Today I have two stories, one about me and one I recently read.

Here’s the first.Rock _n

There was a time when I was quite young my mom and I lived in a small upstairs apartment in a town where we hardly knew anyone. One day there was a knock at the door and when mom answered it there stood a well dressed man that she had spoken to on occasion while walking home from work. He was inviting us to join him and his family for Thanksgiving dinner the next evening. Something told me my mother would have preferred to decline the offer but because of the persistence of the man she finally agreed we would come. That day before we went to the man’s home mom made me take a bath and put on my best clothes which I found strange but said nothing. Arriving at the home the man met us at the door and proceeded to escort us through a living room area bigger than our whole apartment. We then found ourselves in the dining room, a very elegant area where some 10 people were already seated around the biggest table I had ever seen in my life. When we took our designated seats the gentleman introduced us to his family and friends, then some small talk was made mostly questioning what mom did for a living. It was now time for dinner and two ladies dressed in black and white uniforms brought out something I had never seen before, I think they called it salad. I ate as well as I could but a small child and salads has never really been a good combination. Next were the entrees and I had never seen such fancy food in my life. Grabbing a spoon I was ready to dig in but a woman who sat next to me applied my first education on proper dining etiquette; wasn’t pretty! I ended up with half my food either on my clothes or on the floor. The man who invited us was doing his best to be nice, but it seemed like everyone else ignored mom and me as best they could. Dessert came in a tall tapered glass filled with cherries and some other things that I took one look at and thought “Am I going to have use a folk on this thing too?!” It wasn’t long before mom who was feeling just as out of place as I was found a reason to get us out of there.

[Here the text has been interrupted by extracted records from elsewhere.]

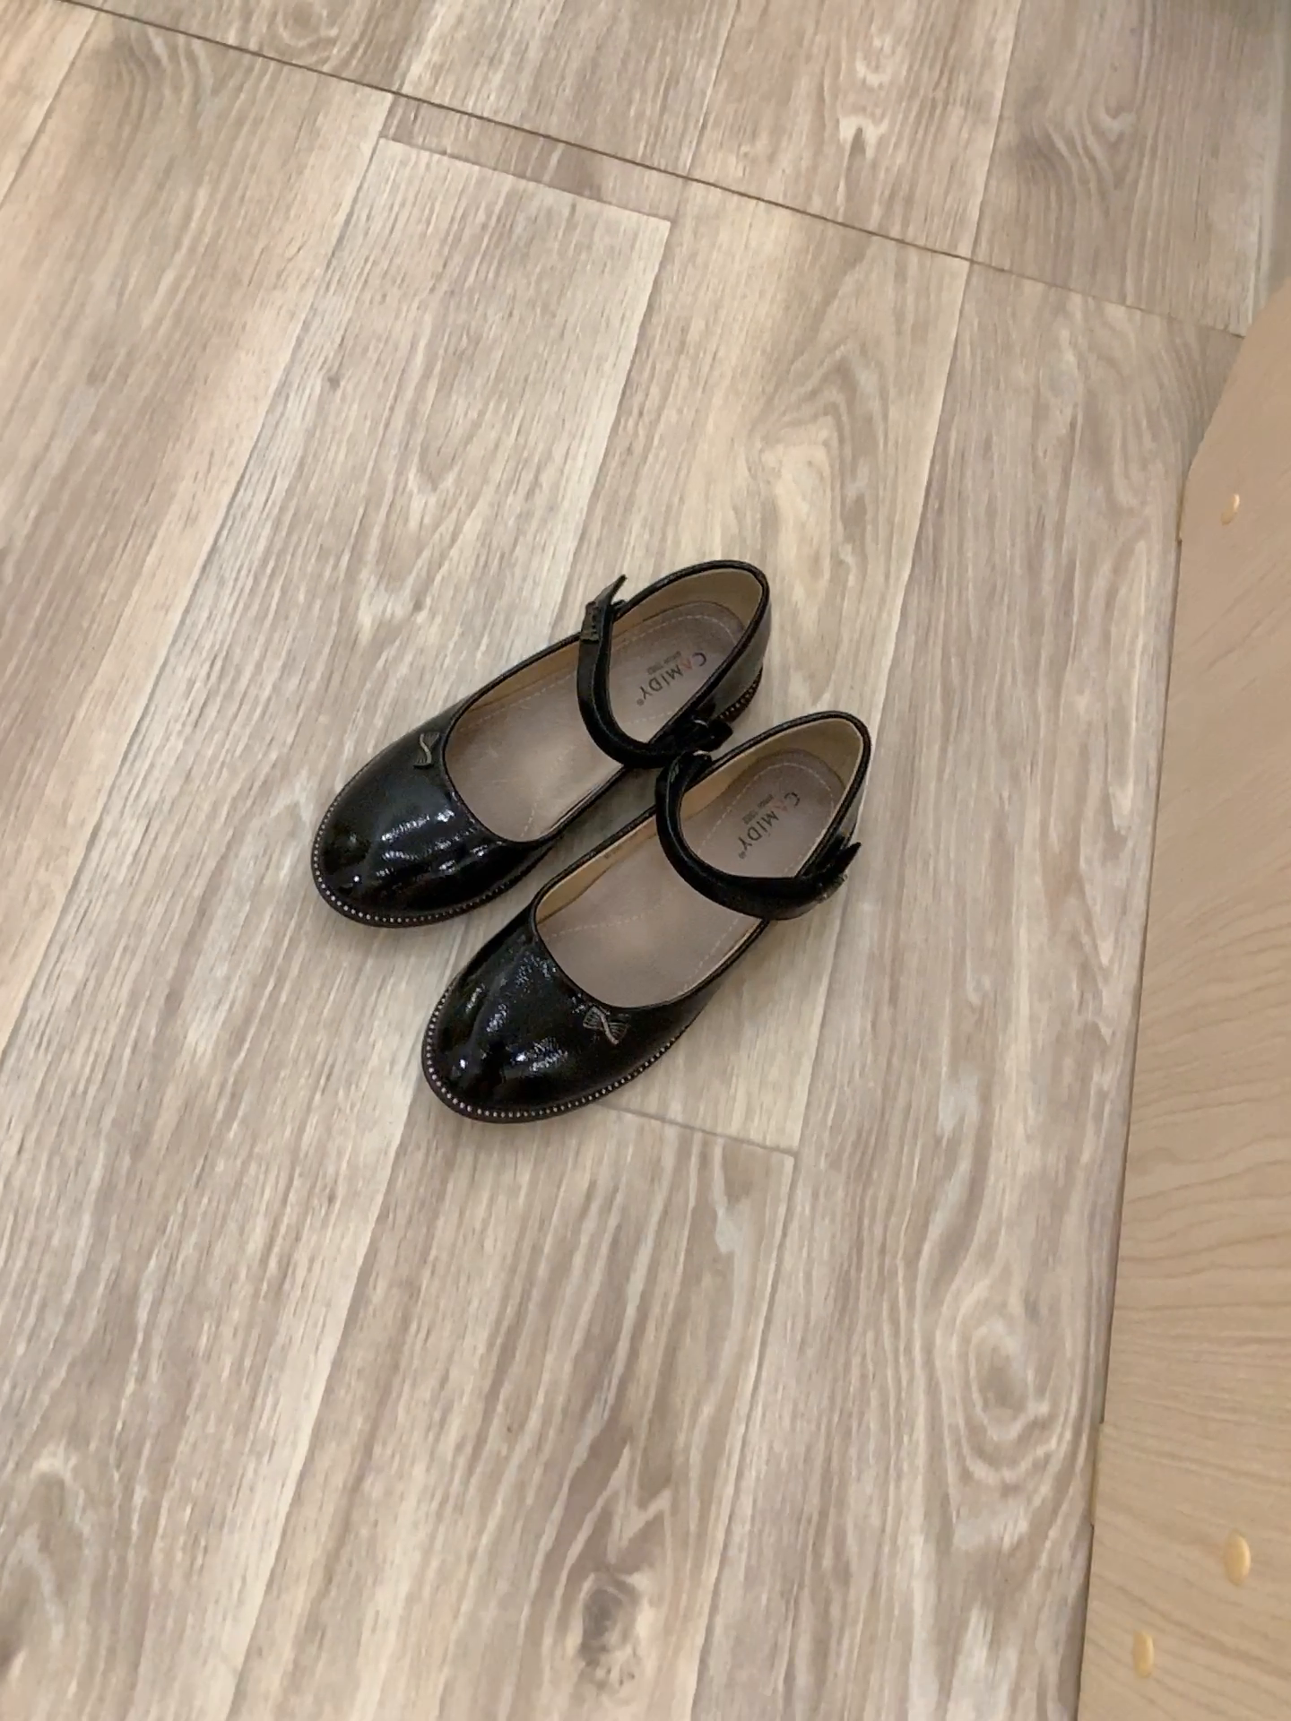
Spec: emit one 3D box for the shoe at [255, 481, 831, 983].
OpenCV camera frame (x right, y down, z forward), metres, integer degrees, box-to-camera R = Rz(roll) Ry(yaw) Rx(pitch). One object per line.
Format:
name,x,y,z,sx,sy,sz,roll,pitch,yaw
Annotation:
shoe,-0.045,-0.061,0.633,0.250,0.100,0.090,-35,78,-17

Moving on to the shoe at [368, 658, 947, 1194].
shoe,0.006,0.030,0.609,0.250,0.100,0.090,-38,79,-18
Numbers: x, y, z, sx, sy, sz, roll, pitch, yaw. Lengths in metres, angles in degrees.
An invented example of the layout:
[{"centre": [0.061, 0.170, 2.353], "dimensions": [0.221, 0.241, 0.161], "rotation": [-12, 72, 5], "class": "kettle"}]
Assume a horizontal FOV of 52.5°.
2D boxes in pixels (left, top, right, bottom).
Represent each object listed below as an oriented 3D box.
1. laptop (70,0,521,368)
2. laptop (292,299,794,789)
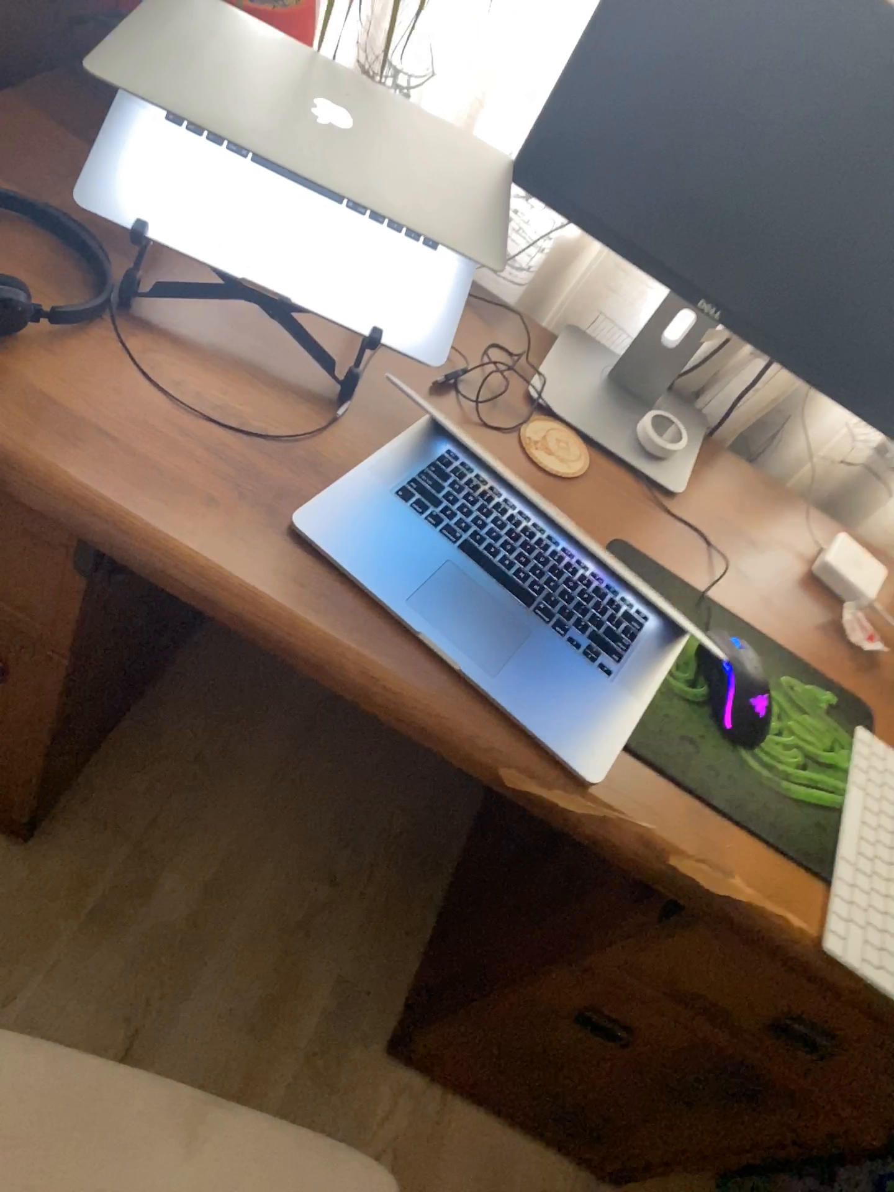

Years later I realized what was going on; this kind gentleman, like others I’ve now met, make a habit if inviting a poor family to come dine with him and his family at Thanksgiving. This is a kind and noble gesture and I’ve thought often if every family in the country who could afford it invited another family to dinner just once a year I believe there would be a lot fewer children going to bed hungry. But as nice a gesture as it was it lacked one important element; there was little if any heart felt friendliness to it. Without sounding unappreciative, we were never really made to feel welcome.

Walking quickly down the sidewalk mom went right past our apartment and into an establishment commonly referred to back then as a “Greasy Spoon,” where I had the most delicious cheeseburger this side of paradise. There was music from a jukebox in the corner, and a couple of people that mom worked with that she shared some laughs and coffee as I ate. What a difference in atmosphere, the main ingredients added to this situation: joy and smiles. When we finally got back to the apartment I said to mom, “That sure was a pretty house we were in.” She pulled me onto her lap, held me close and said “Yes it was. But there’s something we have that they don’t–happiness.”

And here’s story two.

One day the father of a very wealthy family took his son on a trip to the county with the express purpose of showing him how poor people live. They spent a couple of days and nights on the farm of what would be considered a very poor family.

On their return from the trip the father asked his son, “How was the trip?”

“It was great dad!”

“Did you see how poor people live?” the father asked.

“Oh yeah,” said the son.

“So tell me, what did you learn from the trip?” the father asked.

The son answered, “I saw that we have one dog and they have four.”

“We have a pool that reaches to the middle of our garden and they have a creek that has no end. We have imported lanterns in our garden and they have stars at night.”

“Our patio reaches to the front yard and they have a whole horizon. We have a small piece of land to live on, and they have fields that go beyond our sight.”

“We have servants to serve us, but they serve others. We buy our food, but they grow theirs. We have walls around our property to protect us, but they have friends to protect them.”

The boy’s father was speechless. Then his son added, “Thanks dad for showing me how poor we are.”

My point today is not to give the impression that the more you have the less happy you are. The main theme of what I’m trying to get across is this:

1: Be thankful for whatever you have, be it much or little. Trust me, there’s always someone with less than you have.

2: Never look down on someone for being poor.

3: Never look down on someone for being well off.

4: Remember, no matter who you are or what you possess we’re all “Travelers of the Rock Road.” The question then becomes how are you traveling it, happily or otherwise, alone or with others, hoarding, or sharing and caring?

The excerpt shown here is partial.